When a seizure occurs one will usually observe the following signs, sometimes alone or in combination:
- Stiff muscles followed by rhythmic contractions or running motion
- Facial twitching and chomping of the jaws
- Urination, defecation and extra salivation
If your pet is experiencing a seizure it is important to minimize the chance your pet will hurt itself. Move furniture or other objects that can cause injury and keep children away. Do not put your hand in its mouth if it turns blue because it will not swallow its tongue. The blue color will go away when the seizure subsides.
Most seizures rapidly run their course and your pet returns to normal in a short period of time. If the seizure does not subside, or repeats itself in a short time, then your pet needs immediate veterinary care to stop the seizure.

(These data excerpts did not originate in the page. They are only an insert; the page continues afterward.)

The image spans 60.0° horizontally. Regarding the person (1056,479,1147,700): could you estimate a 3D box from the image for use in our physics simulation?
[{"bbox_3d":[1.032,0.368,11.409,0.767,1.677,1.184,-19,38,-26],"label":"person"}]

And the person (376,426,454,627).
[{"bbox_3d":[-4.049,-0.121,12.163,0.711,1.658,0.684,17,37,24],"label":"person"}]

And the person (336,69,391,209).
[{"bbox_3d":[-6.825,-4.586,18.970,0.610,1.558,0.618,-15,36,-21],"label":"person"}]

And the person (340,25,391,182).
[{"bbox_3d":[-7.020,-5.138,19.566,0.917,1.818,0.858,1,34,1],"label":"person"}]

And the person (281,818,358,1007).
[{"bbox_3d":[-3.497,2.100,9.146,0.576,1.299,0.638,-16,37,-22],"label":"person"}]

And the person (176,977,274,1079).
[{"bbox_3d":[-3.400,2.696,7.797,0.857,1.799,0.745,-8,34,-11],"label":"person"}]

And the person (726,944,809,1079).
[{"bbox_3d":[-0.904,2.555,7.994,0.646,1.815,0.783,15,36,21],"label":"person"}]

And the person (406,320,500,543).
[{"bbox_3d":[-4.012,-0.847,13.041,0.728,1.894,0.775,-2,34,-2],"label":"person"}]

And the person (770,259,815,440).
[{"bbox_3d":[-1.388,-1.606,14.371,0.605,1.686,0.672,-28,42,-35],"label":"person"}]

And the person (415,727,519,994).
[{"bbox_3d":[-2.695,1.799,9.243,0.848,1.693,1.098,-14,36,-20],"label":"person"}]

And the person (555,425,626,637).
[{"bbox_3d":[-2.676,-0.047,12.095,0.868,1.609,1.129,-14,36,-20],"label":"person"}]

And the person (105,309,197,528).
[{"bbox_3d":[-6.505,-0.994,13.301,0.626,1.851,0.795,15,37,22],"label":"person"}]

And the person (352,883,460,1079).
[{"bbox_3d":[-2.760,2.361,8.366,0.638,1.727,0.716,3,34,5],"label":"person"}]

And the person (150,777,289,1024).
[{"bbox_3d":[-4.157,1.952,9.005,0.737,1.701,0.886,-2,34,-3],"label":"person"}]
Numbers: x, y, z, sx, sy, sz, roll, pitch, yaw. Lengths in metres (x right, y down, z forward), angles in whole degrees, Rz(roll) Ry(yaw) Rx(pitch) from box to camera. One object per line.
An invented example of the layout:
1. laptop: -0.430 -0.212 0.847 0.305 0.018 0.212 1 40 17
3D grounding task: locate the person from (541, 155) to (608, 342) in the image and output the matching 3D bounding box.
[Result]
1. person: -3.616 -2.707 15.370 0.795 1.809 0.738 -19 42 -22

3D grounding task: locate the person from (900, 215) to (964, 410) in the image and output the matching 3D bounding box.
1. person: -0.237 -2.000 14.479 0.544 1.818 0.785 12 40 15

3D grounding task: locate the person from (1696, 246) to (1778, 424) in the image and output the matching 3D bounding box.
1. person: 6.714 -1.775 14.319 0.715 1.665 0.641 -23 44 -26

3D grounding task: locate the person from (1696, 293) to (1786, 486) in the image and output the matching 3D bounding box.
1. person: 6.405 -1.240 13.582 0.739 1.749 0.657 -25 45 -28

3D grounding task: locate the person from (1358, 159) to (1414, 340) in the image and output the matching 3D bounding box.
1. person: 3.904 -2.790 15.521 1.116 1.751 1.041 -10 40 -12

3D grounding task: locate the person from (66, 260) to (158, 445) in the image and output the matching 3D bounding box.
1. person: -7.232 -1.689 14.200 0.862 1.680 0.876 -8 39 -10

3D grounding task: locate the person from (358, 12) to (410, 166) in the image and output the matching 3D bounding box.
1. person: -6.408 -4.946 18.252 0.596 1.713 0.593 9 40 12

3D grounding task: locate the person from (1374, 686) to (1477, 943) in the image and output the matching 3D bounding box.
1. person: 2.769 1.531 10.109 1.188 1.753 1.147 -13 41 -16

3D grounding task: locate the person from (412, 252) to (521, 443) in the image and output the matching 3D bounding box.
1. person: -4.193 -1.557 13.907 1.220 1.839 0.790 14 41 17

Fortunately, this is a rare problem.
A veterinarian should examine any pet that has a seizure since there are a multitude of causes, including epilepsy. Several different types of diagnostic tests will be recommended depending on your pet's breed, age, physical exam findings, and pattern of seizures. Sometimes a diagnosis can be made with a simple blood test, other times sophisticated tests like brain wave scans and MRIs are needed.
Depending on the diagnosis, your pet might be given a specific treatment to cure the problem, or put on anticonvulsant medication to control the problem. The most common anticonvulsant medication used is Phenobarbital. It will be used for the rest of your pet's life. The blood level needs to be checked every 6 months to ensure we are at the proper dose; this is easily accomplished with a blood test.